[SUPPLIED RECORDS Boundary: Start]

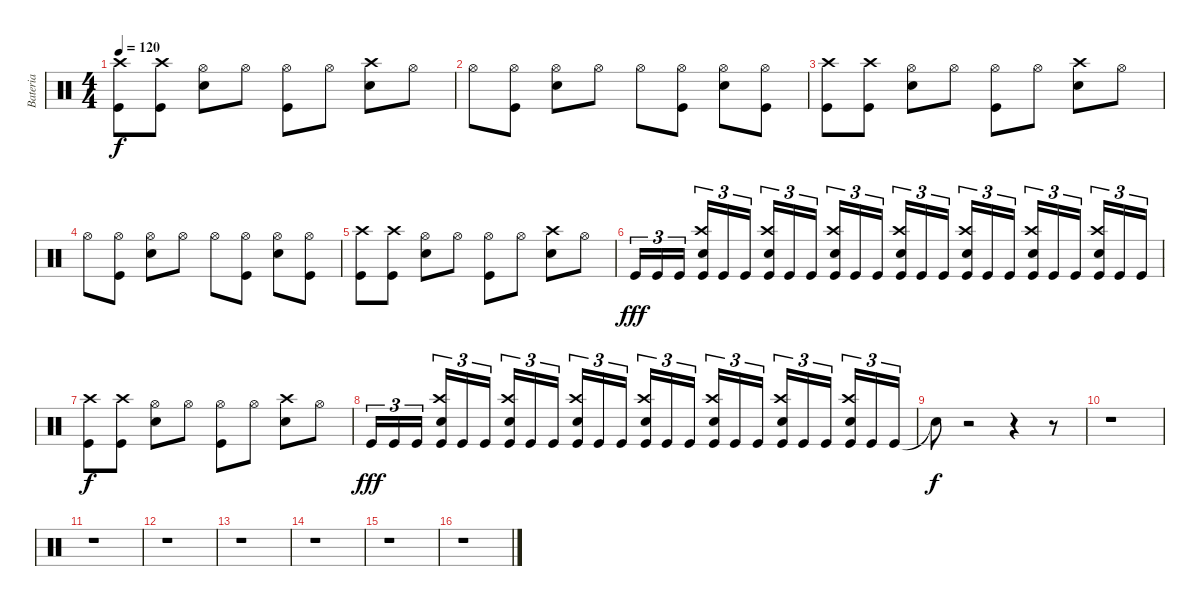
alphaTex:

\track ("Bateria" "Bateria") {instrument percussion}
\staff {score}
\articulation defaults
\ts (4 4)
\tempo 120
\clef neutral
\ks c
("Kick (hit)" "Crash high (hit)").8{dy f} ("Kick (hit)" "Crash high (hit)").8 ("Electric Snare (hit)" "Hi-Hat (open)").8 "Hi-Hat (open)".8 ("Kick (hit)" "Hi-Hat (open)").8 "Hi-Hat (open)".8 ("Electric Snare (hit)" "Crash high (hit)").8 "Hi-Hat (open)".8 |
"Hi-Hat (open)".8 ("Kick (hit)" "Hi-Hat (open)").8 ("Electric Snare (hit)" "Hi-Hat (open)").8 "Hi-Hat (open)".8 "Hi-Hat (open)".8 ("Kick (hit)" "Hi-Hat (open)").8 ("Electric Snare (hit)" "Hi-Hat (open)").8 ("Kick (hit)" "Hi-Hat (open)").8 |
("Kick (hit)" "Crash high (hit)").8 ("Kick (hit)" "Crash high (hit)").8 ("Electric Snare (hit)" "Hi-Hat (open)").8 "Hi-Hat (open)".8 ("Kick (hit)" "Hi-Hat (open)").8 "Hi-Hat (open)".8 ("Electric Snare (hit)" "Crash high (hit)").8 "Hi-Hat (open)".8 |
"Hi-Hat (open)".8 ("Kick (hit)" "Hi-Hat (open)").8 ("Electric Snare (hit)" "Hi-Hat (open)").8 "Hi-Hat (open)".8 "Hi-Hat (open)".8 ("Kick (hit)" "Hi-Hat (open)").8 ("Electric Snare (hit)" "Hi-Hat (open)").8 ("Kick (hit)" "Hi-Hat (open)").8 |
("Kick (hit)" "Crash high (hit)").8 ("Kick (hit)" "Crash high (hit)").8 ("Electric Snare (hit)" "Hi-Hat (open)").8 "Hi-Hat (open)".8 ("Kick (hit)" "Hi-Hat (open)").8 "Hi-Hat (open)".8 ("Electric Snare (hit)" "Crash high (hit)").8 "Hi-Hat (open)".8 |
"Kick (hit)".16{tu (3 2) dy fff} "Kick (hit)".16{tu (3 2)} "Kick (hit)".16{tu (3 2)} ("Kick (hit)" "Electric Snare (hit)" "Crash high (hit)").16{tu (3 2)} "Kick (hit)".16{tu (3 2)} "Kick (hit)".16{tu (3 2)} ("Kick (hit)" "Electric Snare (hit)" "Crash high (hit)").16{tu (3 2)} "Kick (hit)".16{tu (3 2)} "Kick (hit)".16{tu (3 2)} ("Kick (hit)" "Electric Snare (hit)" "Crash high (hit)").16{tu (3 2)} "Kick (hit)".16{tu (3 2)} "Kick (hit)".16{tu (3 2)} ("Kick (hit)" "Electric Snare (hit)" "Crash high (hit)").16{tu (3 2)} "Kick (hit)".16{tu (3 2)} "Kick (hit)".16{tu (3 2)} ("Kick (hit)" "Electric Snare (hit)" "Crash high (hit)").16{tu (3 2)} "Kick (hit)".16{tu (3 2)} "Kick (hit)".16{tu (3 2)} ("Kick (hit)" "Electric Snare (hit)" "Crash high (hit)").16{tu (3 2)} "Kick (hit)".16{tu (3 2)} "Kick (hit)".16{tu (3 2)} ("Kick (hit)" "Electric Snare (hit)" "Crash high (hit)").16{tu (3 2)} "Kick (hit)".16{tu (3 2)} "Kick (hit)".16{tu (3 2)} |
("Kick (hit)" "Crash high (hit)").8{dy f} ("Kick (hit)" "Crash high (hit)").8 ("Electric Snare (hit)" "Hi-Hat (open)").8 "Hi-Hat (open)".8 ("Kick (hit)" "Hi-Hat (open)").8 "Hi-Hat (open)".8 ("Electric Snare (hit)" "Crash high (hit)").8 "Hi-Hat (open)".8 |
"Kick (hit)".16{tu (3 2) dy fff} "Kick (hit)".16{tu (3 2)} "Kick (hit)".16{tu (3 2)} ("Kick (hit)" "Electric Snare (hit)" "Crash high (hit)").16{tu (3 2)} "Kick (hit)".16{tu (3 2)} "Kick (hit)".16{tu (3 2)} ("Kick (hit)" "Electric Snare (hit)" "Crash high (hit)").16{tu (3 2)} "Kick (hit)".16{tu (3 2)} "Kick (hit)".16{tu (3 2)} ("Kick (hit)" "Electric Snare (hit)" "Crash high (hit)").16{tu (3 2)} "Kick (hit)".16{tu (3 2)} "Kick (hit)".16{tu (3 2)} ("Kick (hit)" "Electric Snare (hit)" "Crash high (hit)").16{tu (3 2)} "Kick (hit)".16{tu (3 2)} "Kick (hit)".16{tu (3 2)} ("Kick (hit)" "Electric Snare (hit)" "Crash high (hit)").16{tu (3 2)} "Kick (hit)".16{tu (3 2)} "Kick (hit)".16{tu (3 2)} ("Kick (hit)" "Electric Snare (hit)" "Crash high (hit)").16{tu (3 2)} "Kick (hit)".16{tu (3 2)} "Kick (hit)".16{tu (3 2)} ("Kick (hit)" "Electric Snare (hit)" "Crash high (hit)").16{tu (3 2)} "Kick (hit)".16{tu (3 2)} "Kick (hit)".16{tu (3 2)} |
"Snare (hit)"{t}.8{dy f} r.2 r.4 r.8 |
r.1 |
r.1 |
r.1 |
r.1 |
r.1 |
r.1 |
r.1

[SUPPLIED RECORDS Boundary: End]

Here the job is to print all the data exactly, skipping any image.

alphaTex:

\track ("Bateria" "Bateria") {instrument percussion}
\staff {score}
\articulation defaults
\ts (4 4)
\tempo 120
\clef neutral
\ks c
("Kick (hit)" "Crash high (hit)").8{dy f} ("Kick (hit)" "Crash high (hit)").8 ("Electric Snare (hit)" "Hi-Hat (open)").8 "Hi-Hat (open)".8 ("Kick (hit)" "Hi-Hat (open)").8 "Hi-Hat (open)".8 ("Electric Snare (hit)" "Crash high (hit)").8 "Hi-Hat (open)".8 |
"Hi-Hat (open)".8 ("Kick (hit)" "Hi-Hat (open)").8 ("Electric Snare (hit)" "Hi-Hat (open)").8 "Hi-Hat (open)".8 "Hi-Hat (open)".8 ("Kick (hit)" "Hi-Hat (open)").8 ("Electric Snare (hit)" "Hi-Hat (open)").8 ("Kick (hit)" "Hi-Hat (open)").8 |
("Kick (hit)" "Crash high (hit)").8 ("Kick (hit)" "Crash high (hit)").8 ("Electric Snare (hit)" "Hi-Hat (open)").8 "Hi-Hat (open)".8 ("Kick (hit)" "Hi-Hat (open)").8 "Hi-Hat (open)".8 ("Electric Snare (hit)" "Crash high (hit)").8 "Hi-Hat (open)".8 |
"Hi-Hat (open)".8 ("Kick (hit)" "Hi-Hat (open)").8 ("Electric Snare (hit)" "Hi-Hat (open)").8 "Hi-Hat (open)".8 "Hi-Hat (open)".8 ("Kick (hit)" "Hi-Hat (open)").8 ("Electric Snare (hit)" "Hi-Hat (open)").8 ("Kick (hit)" "Hi-Hat (open)").8 |
("Kick (hit)" "Crash high (hit)").8 ("Kick (hit)" "Crash high (hit)").8 ("Electric Snare (hit)" "Hi-Hat (open)").8 "Hi-Hat (open)".8 ("Kick (hit)" "Hi-Hat (open)").8 "Hi-Hat (open)".8 ("Electric Snare (hit)" "Crash high (hit)").8 "Hi-Hat (open)".8 |
"Kick (hit)".16{tu (3 2) dy fff} "Kick (hit)".16{tu (3 2)} "Kick (hit)".16{tu (3 2)} ("Kick (hit)" "Electric Snare (hit)" "Crash high (hit)").16{tu (3 2)} "Kick (hit)".16{tu (3 2)} "Kick (hit)".16{tu (3 2)} ("Kick (hit)" "Electric Snare (hit)" "Crash high (hit)").16{tu (3 2)} "Kick (hit)".16{tu (3 2)} "Kick (hit)".16{tu (3 2)} ("Kick (hit)" "Electric Snare (hit)" "Crash high (hit)").16{tu (3 2)} "Kick (hit)".16{tu (3 2)} "Kick (hit)".16{tu (3 2)} ("Kick (hit)" "Electric Snare (hit)" "Crash high (hit)").16{tu (3 2)} "Kick (hit)".16{tu (3 2)} "Kick (hit)".16{tu (3 2)} ("Kick (hit)" "Electric Snare (hit)" "Crash high (hit)").16{tu (3 2)} "Kick (hit)".16{tu (3 2)} "Kick (hit)".16{tu (3 2)} ("Kick (hit)" "Electric Snare (hit)" "Crash high (hit)").16{tu (3 2)} "Kick (hit)".16{tu (3 2)} "Kick (hit)".16{tu (3 2)} ("Kick (hit)" "Electric Snare (hit)" "Crash high (hit)").16{tu (3 2)} "Kick (hit)".16{tu (3 2)} "Kick (hit)".16{tu (3 2)} |
("Kick (hit)" "Crash high (hit)").8{dy f} ("Kick (hit)" "Crash high (hit)").8 ("Electric Snare (hit)" "Hi-Hat (open)").8 "Hi-Hat (open)".8 ("Kick (hit)" "Hi-Hat (open)").8 "Hi-Hat (open)".8 ("Electric Snare (hit)" "Crash high (hit)").8 "Hi-Hat (open)".8 |
"Kick (hit)".16{tu (3 2) dy fff} "Kick (hit)".16{tu (3 2)} "Kick (hit)".16{tu (3 2)} ("Kick (hit)" "Electric Snare (hit)" "Crash high (hit)").16{tu (3 2)} "Kick (hit)".16{tu (3 2)} "Kick (hit)".16{tu (3 2)} ("Kick (hit)" "Electric Snare (hit)" "Crash high (hit)").16{tu (3 2)} "Kick (hit)".16{tu (3 2)} "Kick (hit)".16{tu (3 2)} ("Kick (hit)" "Electric Snare (hit)" "Crash high (hit)").16{tu (3 2)} "Kick (hit)".16{tu (3 2)} "Kick (hit)".16{tu (3 2)} ("Kick (hit)" "Electric Snare (hit)" "Crash high (hit)").16{tu (3 2)} "Kick (hit)".16{tu (3 2)} "Kick (hit)".16{tu (3 2)} ("Kick (hit)" "Electric Snare (hit)" "Crash high (hit)").16{tu (3 2)} "Kick (hit)".16{tu (3 2)} "Kick (hit)".16{tu (3 2)} ("Kick (hit)" "Electric Snare (hit)" "Crash high (hit)").16{tu (3 2)} "Kick (hit)".16{tu (3 2)} "Kick (hit)".16{tu (3 2)} ("Kick (hit)" "Electric Snare (hit)" "Crash high (hit)").16{tu (3 2)} "Kick (hit)".16{tu (3 2)} "Kick (hit)".16{tu (3 2)} |
"Snare (hit)"{t}.8{dy f} r.2 r.4 r.8 |
r.1 |
r.1 |
r.1 |
r.1 |
r.1 |
r.1 |
r.1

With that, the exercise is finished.